Funny thing is we found many of the Demo versions to be so crippled as to be useless for assesment, another engineer leant us a handful of cracked packages that he bought from Thailand to trial and we settled on Strand. We actually bought the program after trialing it as cracked software and finding that it could do some of the really complex problems we needed FEA for.

 

I would like to add that we too have used Strand for a number of years and have tackled some tricky problems with it. See our website (www.malinmarine.com - newsletter 03) for some details of work we have done with Strand7.
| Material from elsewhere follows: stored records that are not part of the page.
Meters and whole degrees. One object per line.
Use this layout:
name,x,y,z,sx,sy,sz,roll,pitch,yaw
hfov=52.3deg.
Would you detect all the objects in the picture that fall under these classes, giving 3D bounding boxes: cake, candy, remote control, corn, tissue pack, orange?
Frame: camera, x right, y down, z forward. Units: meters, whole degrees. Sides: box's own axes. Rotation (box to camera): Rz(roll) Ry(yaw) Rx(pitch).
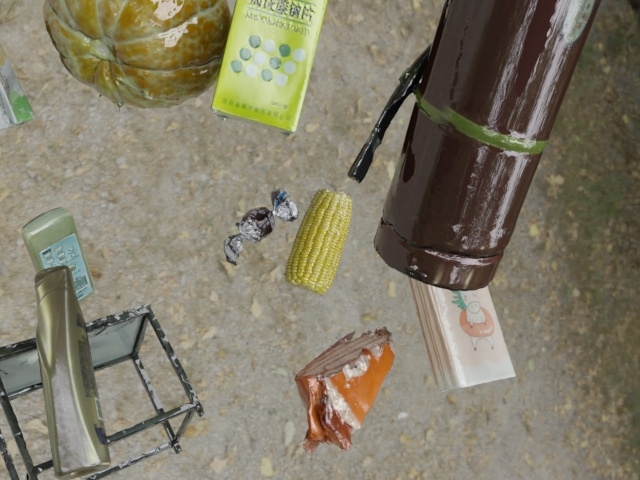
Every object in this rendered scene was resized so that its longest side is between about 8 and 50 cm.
cake,0.043,0.222,1.109,0.135,0.098,0.287,61,37,-19
candy,-0.110,-0.028,1.236,0.226,0.051,0.094,-39,129,-50
remote control,-0.508,0.043,1.275,0.098,0.038,0.233,-36,146,-33
corn,0.000,0.000,1.027,0.063,0.085,0.165,29,76,-40
tissue pack,-0.704,-0.337,1.350,0.159,0.145,0.229,-45,120,-55
tissue pack,0.240,0.100,1.181,0.170,0.071,0.325,2,68,-40
orange,-0.313,-0.381,1.124,0.329,0.329,0.249,47,45,-27

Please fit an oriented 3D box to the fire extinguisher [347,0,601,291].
fire extinguisher,0.110,-0.136,0.427,0.141,0.105,0.341,4,117,-19

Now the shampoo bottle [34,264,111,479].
shampoo bottle,-0.425,0.215,1.097,0.084,0.125,0.350,-13,71,-12

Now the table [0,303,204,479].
table,-0.459,0.335,1.311,0.335,0.222,0.272,-16,62,-36

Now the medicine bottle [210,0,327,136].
medicine bottle,-0.079,-0.301,1.028,0.137,0.141,0.250,14,96,-5

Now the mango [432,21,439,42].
mango,0.319,-0.411,1.411,0.359,0.144,0.187,-61,133,-79
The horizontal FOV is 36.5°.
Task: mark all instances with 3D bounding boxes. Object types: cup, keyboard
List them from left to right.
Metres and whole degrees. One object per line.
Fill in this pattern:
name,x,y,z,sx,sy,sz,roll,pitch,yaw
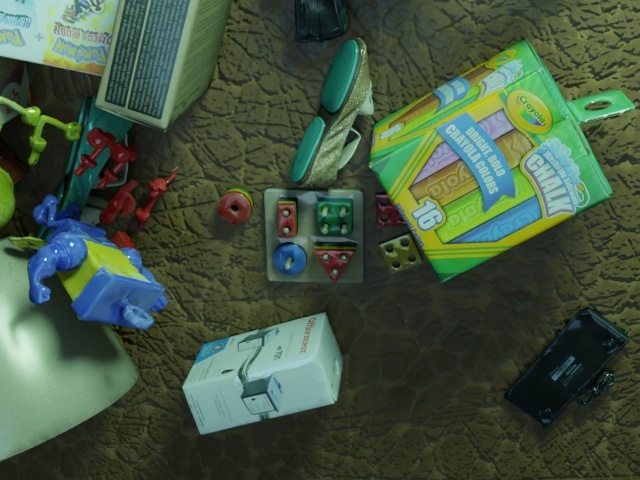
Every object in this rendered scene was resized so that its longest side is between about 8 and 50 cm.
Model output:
cup,-0.433,0.132,1.259,0.331,0.331,0.237,-18,98,12
keyboard,0.350,0.184,1.348,0.108,0.023,0.180,36,111,-2

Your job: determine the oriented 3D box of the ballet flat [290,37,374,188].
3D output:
ballet flat,0.027,-0.156,1.231,0.067,0.073,0.206,12,118,-29

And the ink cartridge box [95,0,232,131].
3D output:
ink cartridge box,-0.166,-0.253,1.111,0.088,0.235,0.193,18,111,-1

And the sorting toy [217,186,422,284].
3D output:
sorting toy,0.000,0.000,1.296,0.274,0.046,0.132,1,112,5

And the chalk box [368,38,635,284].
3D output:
chalk box,0.225,-0.114,1.159,0.289,0.180,0.179,-30,106,14

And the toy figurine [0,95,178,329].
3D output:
toy figurine,-0.260,0.007,1.132,0.191,0.362,0.217,-44,65,10

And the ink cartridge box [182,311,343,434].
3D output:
ink cartridge box,-0.075,0.180,1.324,0.190,0.139,0.082,-17,107,11

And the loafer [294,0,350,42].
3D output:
loafer,-0.024,-0.342,1.146,0.078,0.076,0.223,-14,113,2

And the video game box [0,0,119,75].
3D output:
video game box,-0.313,-0.292,1.075,0.205,0.048,0.187,10,114,-9

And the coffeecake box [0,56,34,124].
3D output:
coffeecake box,-0.425,-0.238,1.191,0.068,0.142,0.185,-3,111,6

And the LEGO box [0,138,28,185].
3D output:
LEGO box,-0.629,-0.171,1.115,0.193,0.372,0.500,-33,106,16

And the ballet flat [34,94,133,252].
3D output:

Developer response has also been excellent.

HTH

JA

 

Strand

Can you give me an idea of the price range?

 

While I have your attention !
Anyone using ALGOR?
I have tried it on simple parts and it seems to be easy to use.

 

Algor

Yes, I mentioned it previously. I don't have the dynamics module, but I do use FEMPRO and Algor's FEM solver with both Rhino and SolidWorks models.

Algor does a very credible job, but I can only compare driving it with Cadre Pro and SDRC Ideas, which I used previously on a Unix machine. Like any other FEA and simulation software, it can and will bite back if you are not careful. However it does a very good job once you master the meshing procedures, and has brick elements of course. You have to merge beam element models or else create the beams in FEMPRO, which I have done many times. IT also has very nice automated pin joints.

WARNING* Models from Rhino must not contain internal voids, or they get treated as separate parts not hollow solids. You must 'drill' holes in them so the internal voids are recognized properly. This is a known limitation of Rhino.

Cadre Pro is not in the same league as Algor or Strand, but gives a lot of bang for a small amount of $$ if you can figure it out.

 

Thank you for lightning quick response
I will try to work more on Algor with Alibre Design (almost a "Solid Works / Inventor Light")

 

Lightning

Your Welcome. Working late in Trondheim, I see. It is already quitting time in Maryland!

My colleague is, at this moment, jetting over to Norway (Mandal) for some meetings at Umoe.

 

Yes, it's time to quit now, just past midnight
Umoe is a large company here, and the boss Mr Ullstein Moe is building boats in China I believe.